Well, after a bit of a reprieve, good ol' TeeJ has come back for some words on recent events. I'm actually a bit annoyed at the whole Deep Throat porn thing, so I decided to toss it in to some modern relevant discussion and then see if the contrast doesn't show people just how stupid the whole situation was. "Oh wow, a porno was in mainstream theaters in the '70s!" Give me a break. No one should care.

As for the EU trying to establish a Constitution, the Constitution is too big and if it can't be read in a sitting, no one, not even an absent minded Frenchmen, will accept it. It would definitely simplify some treaties... which will loosen and civilize trade between European nations, hopefully tempering the outgrowth of Socialism. However, it seems that is the fundamental objection the Netherlands and France have against it - it's too much of a threat to their social programs. It's hard to say if there is even a purpose for the other member nations to continue their referendums and votes to accept the EU Constitution, because every one of them must agree on it. Then again there is a year still remaining, and there is also the possibility that the Constitution will be greatly reformed.

Either way, it's not a true federal government like the kind we have in America, but then again our government isn't so "federal" anymore. The EU Constitution, a united treaty, is perhaps a better concept than a top-down federal order. However, it doesn't temper the devices of each nation to increase it's power over it's own citizens, so it may just be a confederation of otherwise corrupt bodies. In which case, it's likely to fall to it's own interior corruption.

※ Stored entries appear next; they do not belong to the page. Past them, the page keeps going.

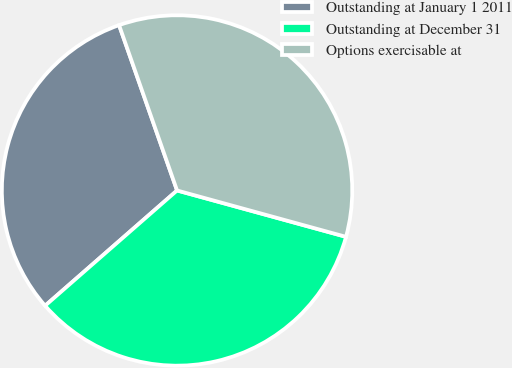<chart> <loc_0><loc_0><loc_500><loc_500><pie_chart><fcel>Outstanding at January 1 2011<fcel>Outstanding at December 31<fcel>Options exercisable at<nl><fcel>31.06%<fcel>34.31%<fcel>34.63%<nl></chart> 
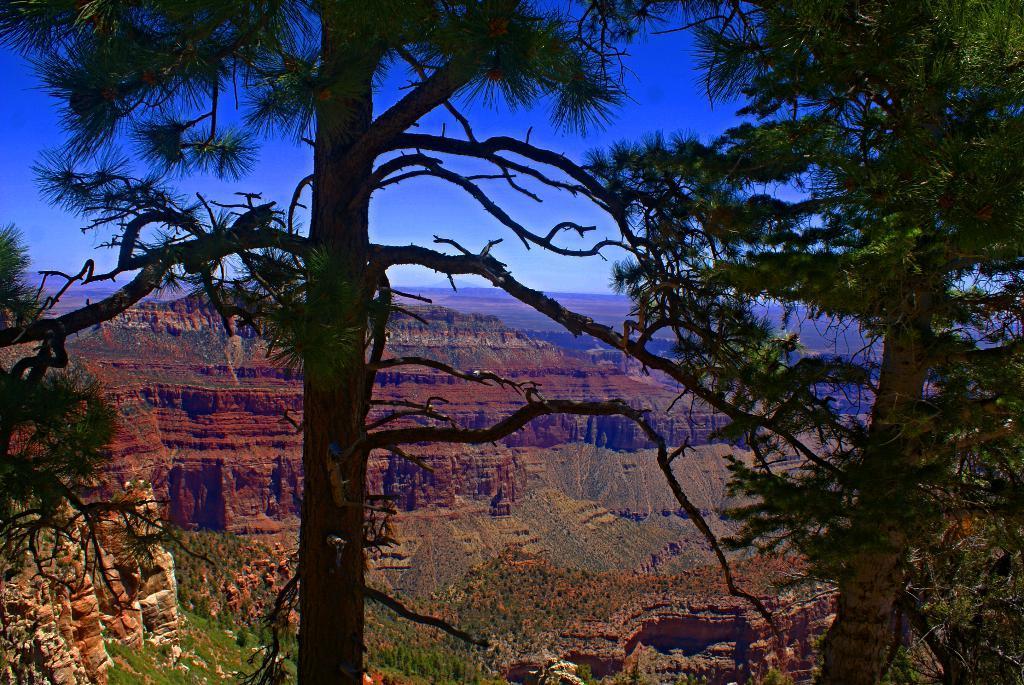In one or two sentences, can you explain what this image depicts? In this image we can see the trees and also the hills. In the background we can see the sky. 
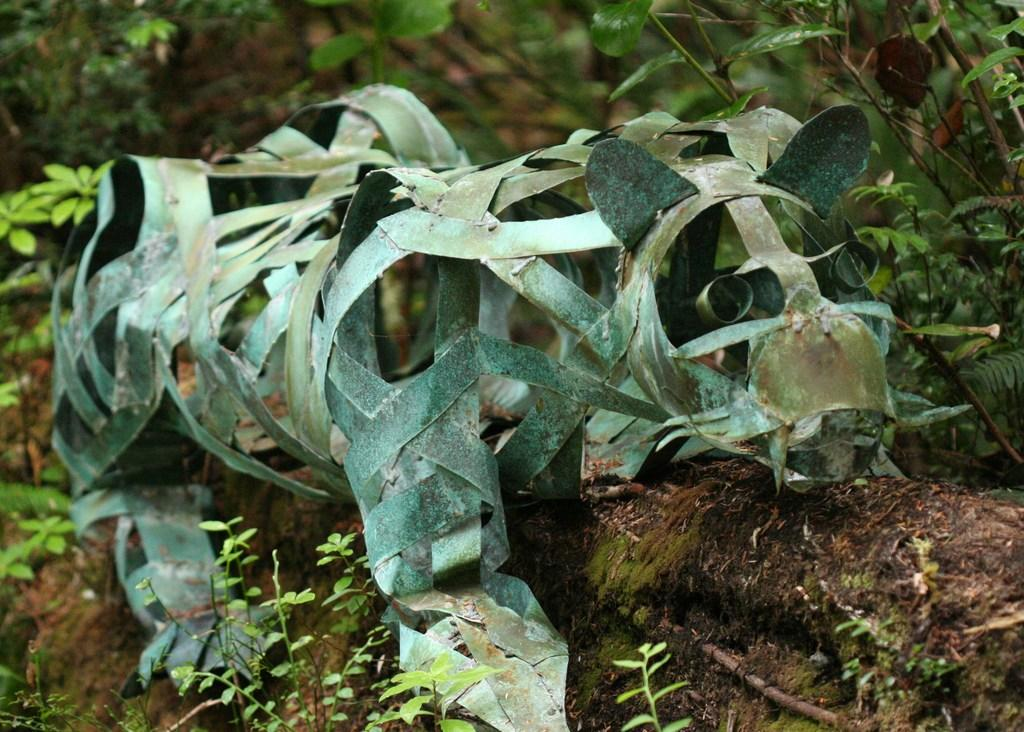What type of sculpture is in the image? There is a reptile sculpture in the image. What material was used to create the sculpture? The sculpture is made from coconut tree leaves. What can be seen behind the sculpture in the image? There are plants behind the sculpture in the image. How many rings are stacked on the pump in the image? There is no pump or rings present in the image; it features a reptile sculpture made from coconut tree leaves with plants behind it.

The United States is only second the EU in terms of economic size... and up until now, the notion of the EU being a single body was challenged by the fact that it didn't have much of a diplomatic organization. Yes it did manage treaties, but it was mostly an economic policy maker. Now that confidence in the union has fallen from the French and now Netherlander decline, it threatens the stability of the European common market. An increased division will ensure that even these otherwise economically small nations cannot cooperate enough to ever compare to the United States economy, making the U.S. perhaps the better place to live, with far more free policies domestically and economically than any single European nation.

And that's really what's important here. If the Europeans want to step up and tackle limitation of their own authorities for the betterment of their whole, then let them try. France and the Netherlands both already say "no". Of course their ideology and concept of what's "better" are a tad askew... which will ultimately place them at their disadvantage here. I'm just glad I'm not over there and subject to that idiocy.